OPINION. Samedi aura lieu à Berne la première manifestation nationale sur la question des violences sexistes et sexuelles, lancée par une centaine d’associations et partis qui réclament enfin des actes devant l’insuffisance des mesures qui existent en Suisse, écrivent Isabel Vidal Pons et Mathilde Mottet

Toutes les femmes et personnes queers autour de nous ont déjà vécu une situation violente sur la base de leur genre: d’innombrables «non» pas respectés, des préservatifs enlevés sans demander, des mains aux fesses dans le bus. Une étude d’Amnesty en 2019 révélait que 59% des femmes ont déjà vécu du harcèlement sexuel, et 22% ont déjà subi des actes sexuels non consentis, causant très souvent des souffrances physiques et psychologiques. Ces violences graves ne viennent pas de nulle part mais sont les conséquences d’actes ou de propos d’apparence plus anodine: on commence par faire une blague sexiste, puis on se permet d’insulter une femme dans la rue, avant de frapper la sienne à la maison. C’est ce que les féministes et professionnels de l’aide aux victimes appellent «la pyramide de la violence».

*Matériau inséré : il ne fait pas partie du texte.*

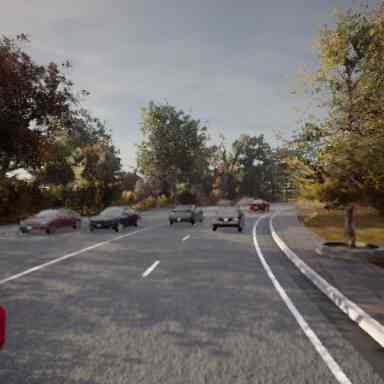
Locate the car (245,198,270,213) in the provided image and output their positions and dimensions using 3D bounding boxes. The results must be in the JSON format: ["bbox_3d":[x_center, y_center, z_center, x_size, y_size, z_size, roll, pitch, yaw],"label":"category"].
[{"bbox_3d":[8.476,1.721,41.512,1.882,1.535,5.008,-1,-1,22],"label":"car"}]

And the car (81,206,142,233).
[{"bbox_3d":[-4.859,1.676,21.586,1.882,1.535,5.008,-1,-1,12],"label":"car"}]

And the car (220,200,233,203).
[{"bbox_3d":[6.253,2.166,61.260,1.994,1.385,4.181,-2,-1,31],"label":"car"}]

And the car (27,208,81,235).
[{"bbox_3d":[-8.584,1.735,20.665,1.812,1.442,4.674,-1,-1,10],"label":"car"}]

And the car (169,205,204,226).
[{"bbox_3d":[-0.348,1.691,25.092,2.128,1.511,4.902,-1,-1,13],"label":"car"}]

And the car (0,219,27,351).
[{"bbox_3d":[-3.302,1.222,1.561,2.150,2.045,5.566,0,0,1],"label":"car"}]

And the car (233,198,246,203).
[{"bbox_3d":[9.920,1.849,60.652,2.097,1.767,4.553,-2,-1,31],"label":"car"}]

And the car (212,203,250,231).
[{"bbox_3d":[2.489,1.694,21.970,2.033,1.411,5.357,-1,0,12],"label":"car"}]

Les violences sexistes et sexuelles ne sont pas un produit de l’immigration, comme le prétend l’UDC, mais bien de la domination des hommes. Car l’hégémonie patriarcale, selon Gramsci, a besoin de deux choses pour se maintenir: un consensus social autour de la supériorité économique, politique et symbolique des hommes, et de la violence, elle aussi terriblement tolérée. Le viol, par exemple, est tellement banalisé qu’il est chanté par Michel Sardou et Jul, tout en étant nié par les 51 accusés du procès de Mazan. Le viol est partout dans notre culture et entre nos murs, mais les violeurs ne sont nulle part. C'est le paradoxe: si le mouvement féministe a réussi à faire comprendre que les violences sexuelles sont un problème, rares sont les hommes et les autorités prêts à agir pour le résoudre.